Мирддин резко остановился. На его лице вновь появилось растерянное выражение.
— Я не ослышался? — переспросил он. — ДВЕСТИ МИЛЛИОНОВ ЛЕТ?!
Он покачал головой:
— Значит, я зря порол горячку? У нас ещё уйма времени.
— Ты не совсем прав, — ответила я. — Времени много, но оно не ждёт. Я не случайно появилась именно сейчас, а не через тысячу, десять тысяч или миллион лет. И так же не случайно вы с Хозяйкой нашли меня — по сути дела, я сама пришла к вам. Если мы хотим, чтобы новые Вселенные родились, не уничтожив нашу, я должна приступить к своей работе тотчас, немедленно. Позже было бы поздно. Мне надлежит постоянно контролировать рост и развитие Вселенных-зародышей, исправлять любые отклонения от нормы, негативно влияющие на ткань пространства и времени материнской Вселенной. Кстати, уже возникли серьёзные проблемы в моём родном мире, который последнюю тысячу лет находился под воздействием одного из развивающихся зародышей. Возможно, именно это стимулировало такое бурное развитие в нём науки и техники; не исключено, что благодаря этому возникла космическая цивилизация; однако сейчас мой мир стоит на краю гибели, его нужно спасать — и как раз поэтому я родилась здесь, а не в каком-то другом месте. Я спасу свой мир — а потом придёт черёд и других миров. Так что баклуши бить не придётся. Моё положение сродни положению врача-акушера, которому попался очень трудный пациент, требующий неустанного внимания.
— И ты всерьёз рассчитываешь прожить двести миллионов лет? — осведомился Мирддин с содроганием.
— А почему бы и нет? Если Вселенная скажет «надо»... — Я улыбнулась. — Впрочем, такой жертвы от меня не требуется. Мои дочери, и дочери моих дочерей, и их дочери, и так далее — все они будут Собирающими Стихии. Конечно, не все они станут Собравшими Стихии, в этом нет нужды; зато будет широкий выбор — и самые достойные из них продолжат начатое мной дело. А через двести миллионов лет моя далёкая праправнучка доведёт его до логического конца. И её имя будет вписано золотыми буквами на скрижалях истории.
— Если к тому времени ещё будет история, — мрачновато заметил Мирддин. — Если останется человечество.
— Оно останется, — твёрдо сказала я. — Я верю в будущее человечества. И я горжусь тем, что родилась в мире, где постепенно стирается грань между колдунами и теми, кого пока ещё называют простыми смертными; в мире, который показал всем другим мирам, что человеческие возможности безграничны.
Некоторое время мы молча шли по дорожке, всё дальше углубляясь в сад.
— А каковы твои личные планы? — полюбопытствовал Мирддин.

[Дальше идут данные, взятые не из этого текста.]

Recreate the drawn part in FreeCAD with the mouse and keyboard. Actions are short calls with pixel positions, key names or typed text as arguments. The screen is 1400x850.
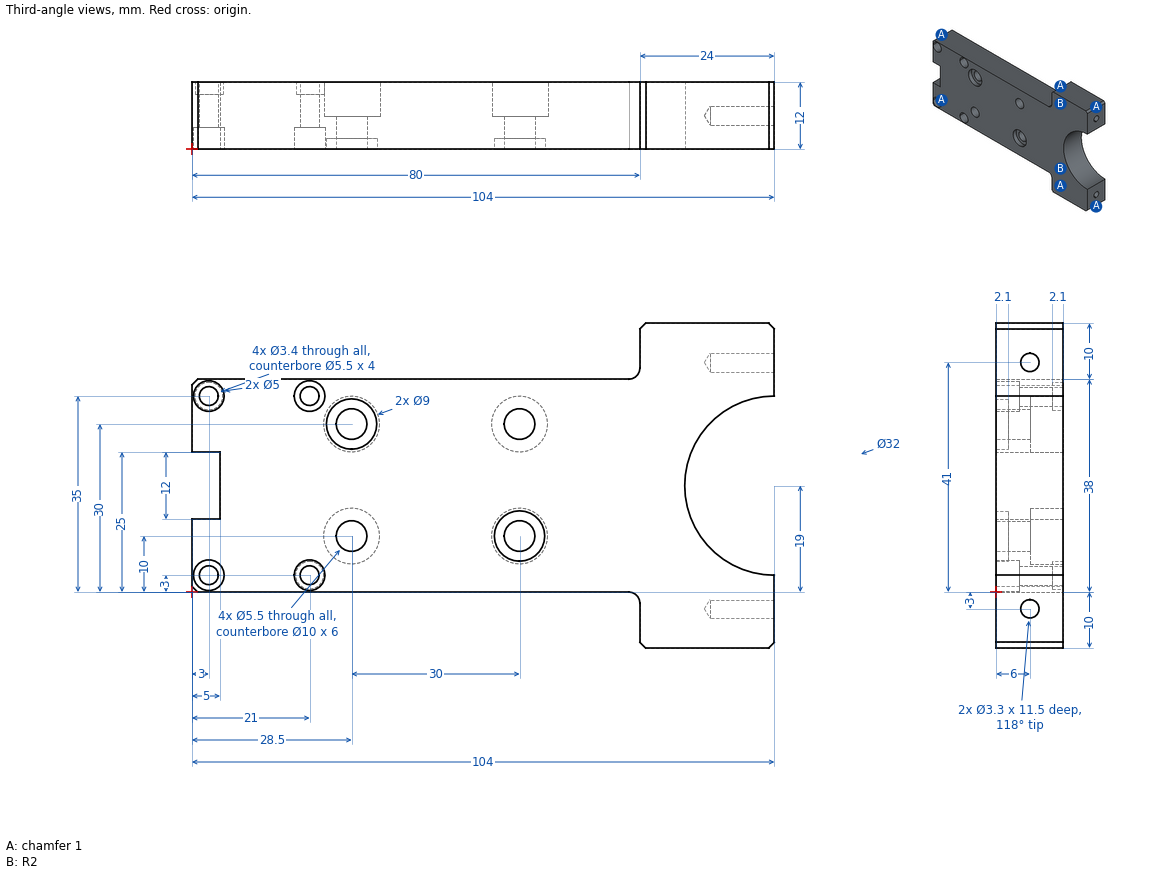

— Первым делом рожу парочку прелестных дочурок, — откровенно ответила я. — В нашей семье не принято сознательно зачинать детей, а тем более — предопределять их пол; но я имею полное моральное право сделать для себя исключение. Дейдра... не Хозяйка, а моя кузина, верно сказала, что принципы существуют для людей, а не люди для принципов. Если того требуют обстоятельства, можно поступиться принципами; особенно, когда речь идёт о безопасности Вселенной и живущих в ней людей. Я, конечно, не собираюсь умирать, однако всё может случиться. Как говорили в старину, все мы ходим под Богом.
— Кандидатура будущего отца уже утверждена?
— Да.
Мирддин не стал спрашивать, кто этот счастливчик. Ему было ясно, что это не он. Мне стало жалко его — но не так чтобы очень. В конце концов, у меня будут дочери, надеюсь, много дочерей, и любая из них сможет пройти Лабиринт. А Мирддин — очень интересный и привлекательный мужчина. Он ждал полторы тысячи лет — сможет подождать ещё несколько десятилетий...
— Ты счастлива, Софи? — спросил он, внимательно поглядев на меня.
— Да, счастлива, — кивнула я. — Безмерно счастлива. Я нашла своё место в жизни. Такое счастье выпадает лишь очень немногим.
Впервые за всё это время Мирддин улыбнулся:
— Ты нашла нечто большее, чем место в жизни. Ты нашла своё место во Вселенной. А такое счастье выпадает лишь считанным единицам.
Сноска 1
Фарси — основной персидский диалект.
Сноска 2
Хайре — греч. «радуйся», приветствие.